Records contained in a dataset
------------------------------

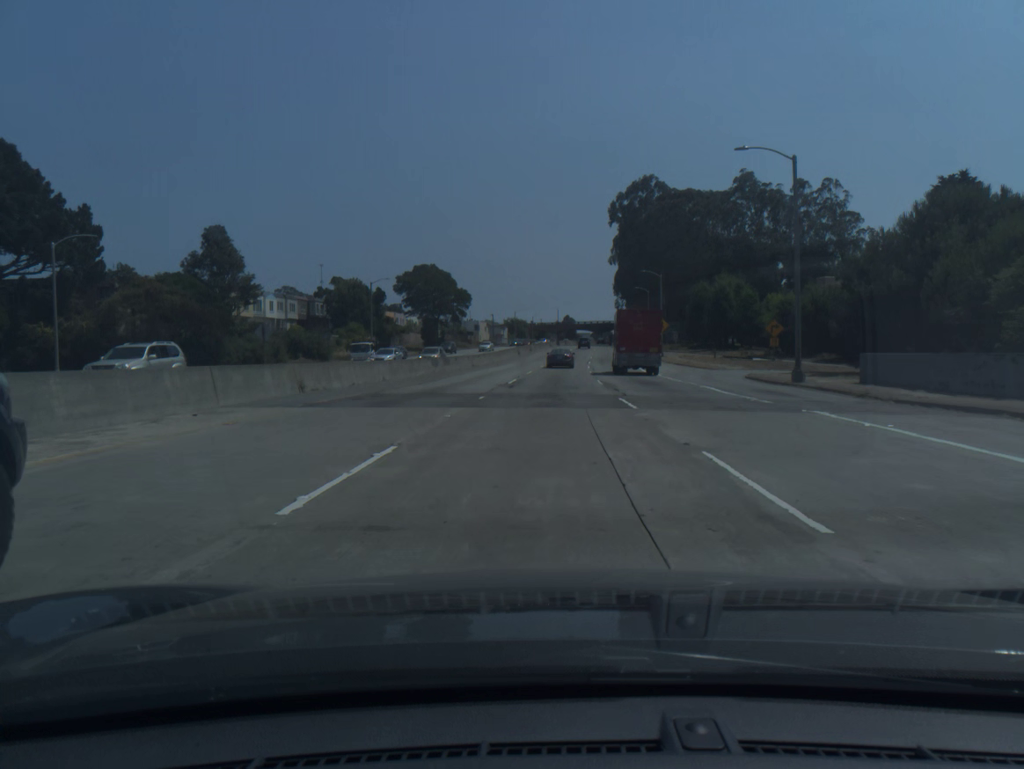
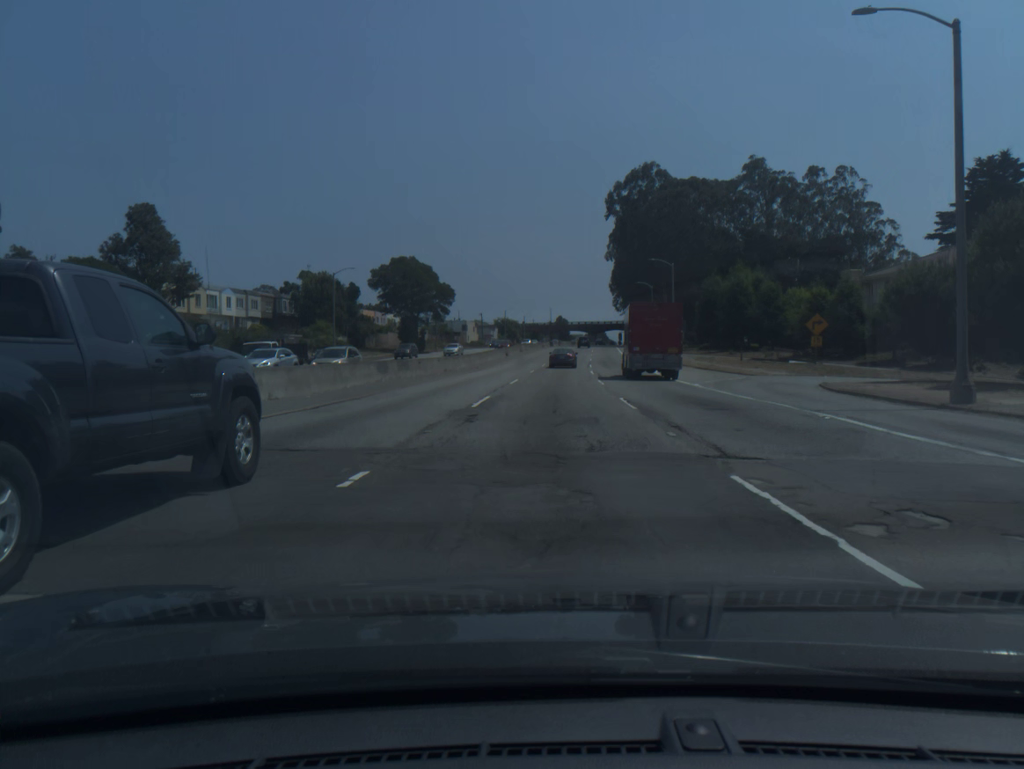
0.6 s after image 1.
(+0.1, +13.2) m; +1°
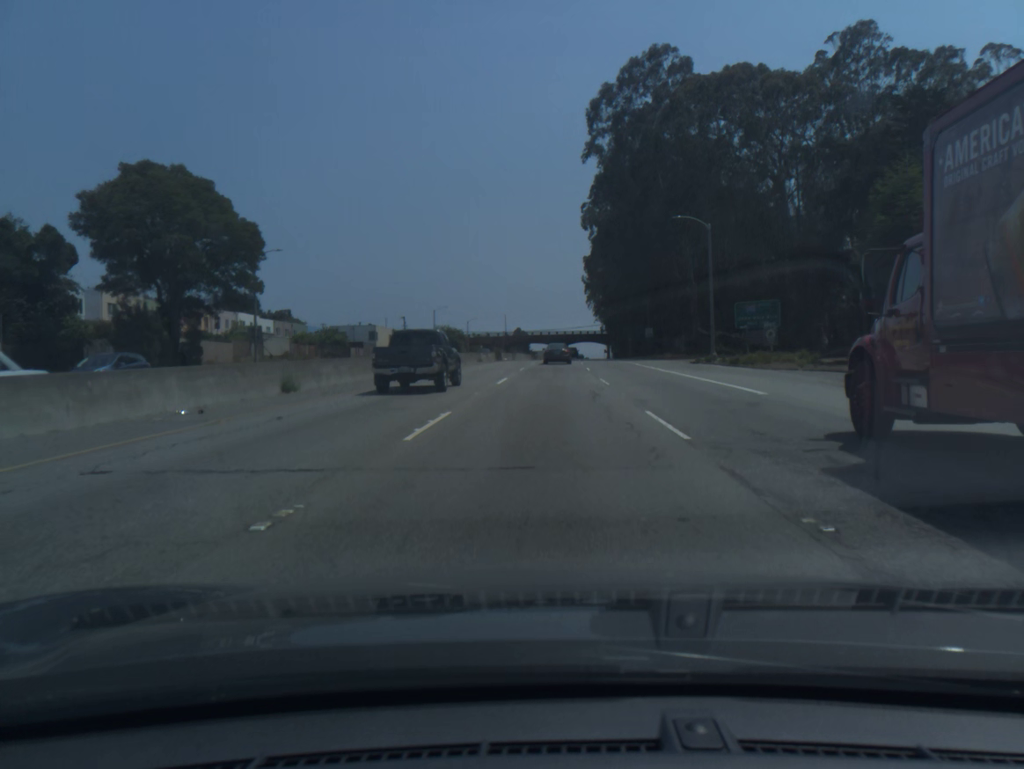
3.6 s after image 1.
(+2.1, +64.6) m; +3°
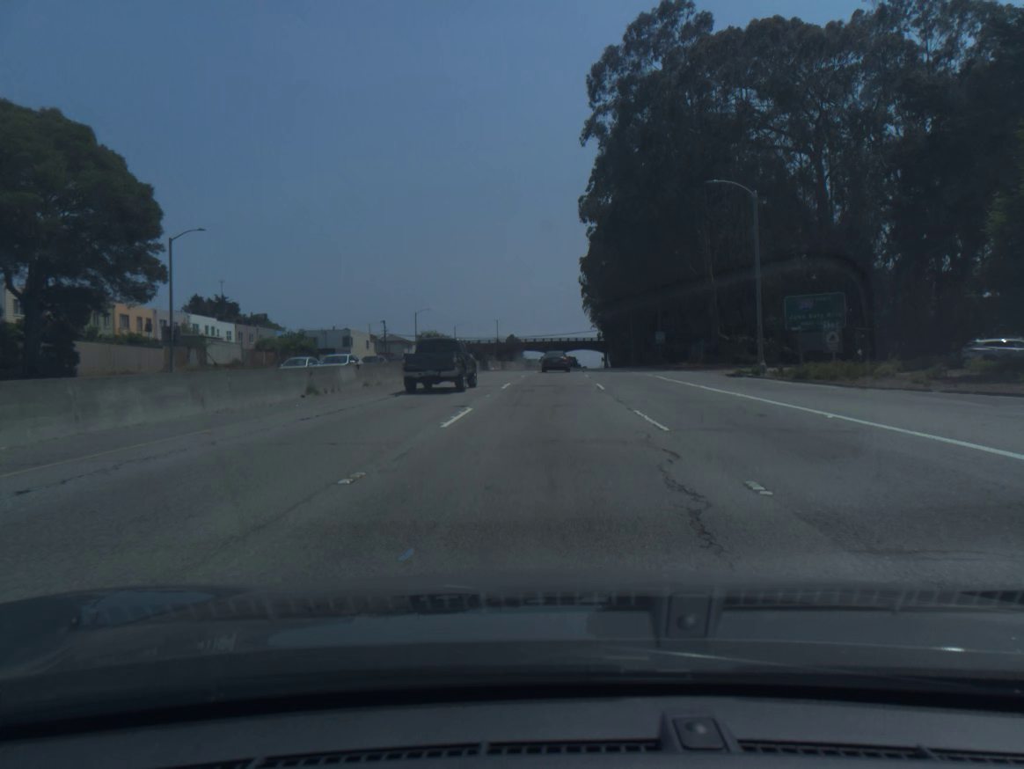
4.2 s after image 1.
(0.0, +12.7) m; 0°
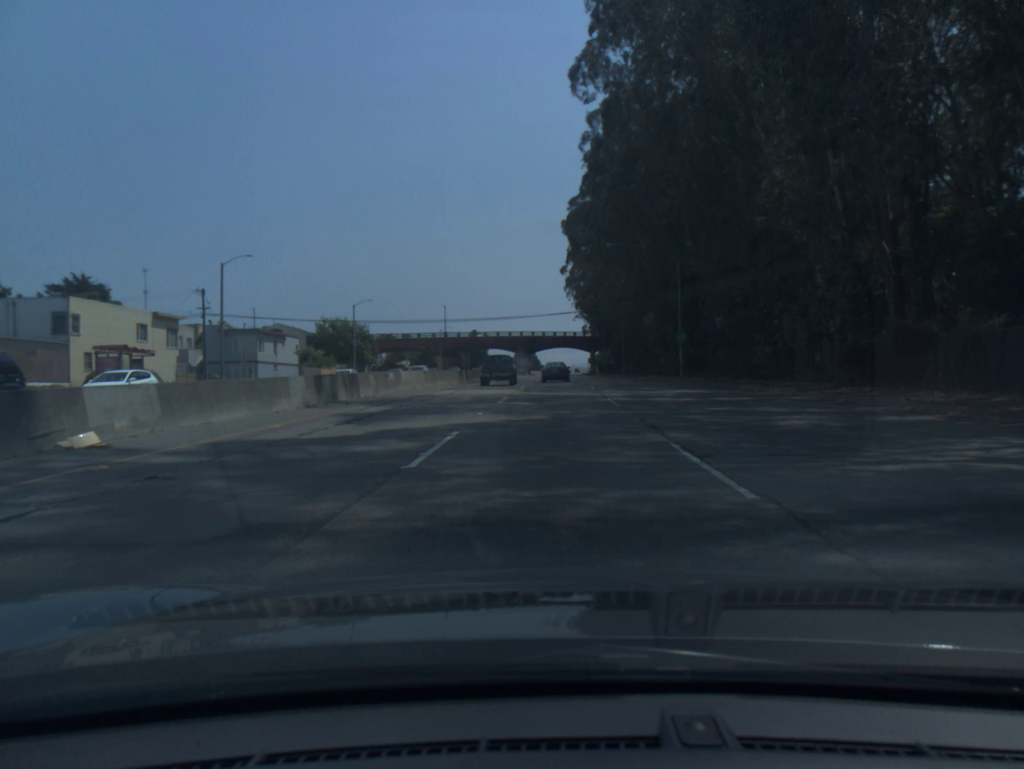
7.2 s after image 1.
(+1.1, +63.7) m; +2°
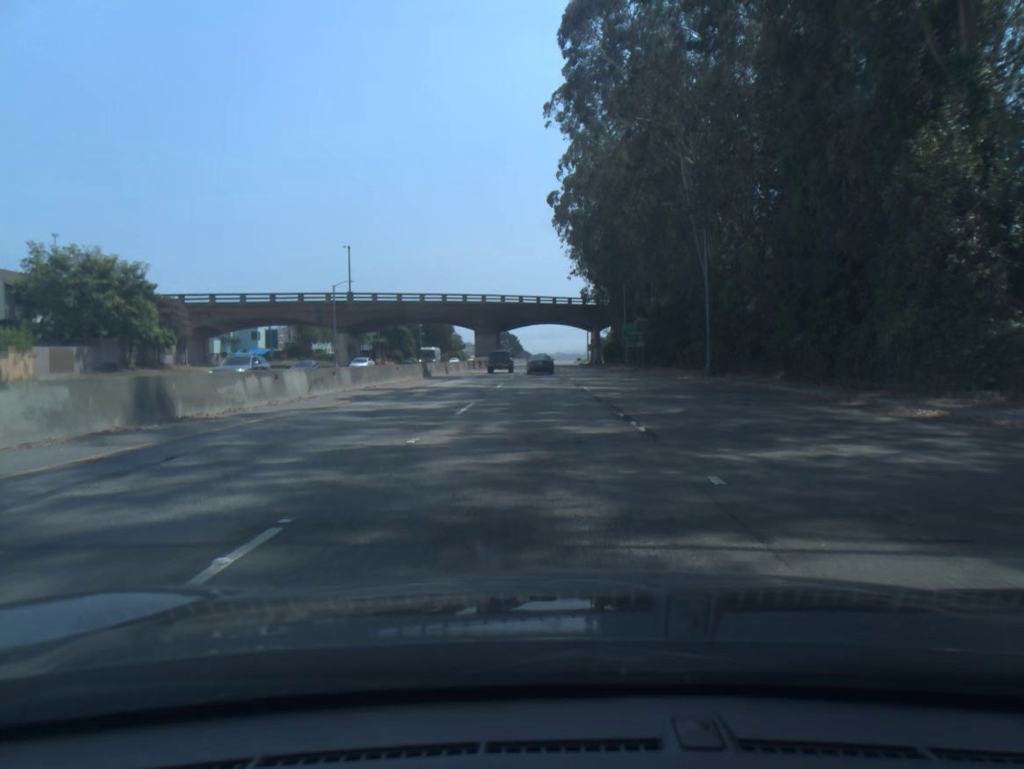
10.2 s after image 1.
(+1.5, +65.8) m; +2°
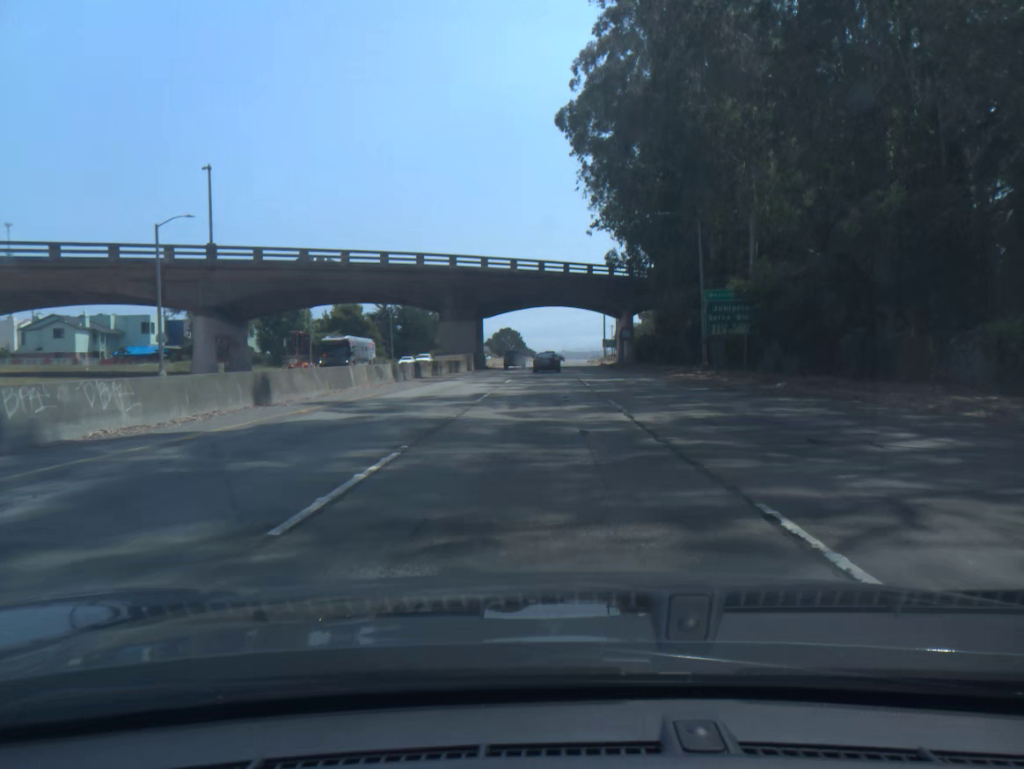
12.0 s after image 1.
(-0.3, +40.3) m; -1°

------------------------------

• [What you should do]
Write out the records above exactly as they stand, leaving out every picture.

• [Solution for this task]
0.6 s after image 1.
(+0.1, +13.2) m; +1°
3.6 s after image 1.
(+2.1, +64.6) m; +3°
4.2 s after image 1.
(0.0, +12.7) m; 0°
7.2 s after image 1.
(+1.1, +63.7) m; +2°
10.2 s after image 1.
(+1.5, +65.8) m; +2°
12.0 s after image 1.
(-0.3, +40.3) m; -1°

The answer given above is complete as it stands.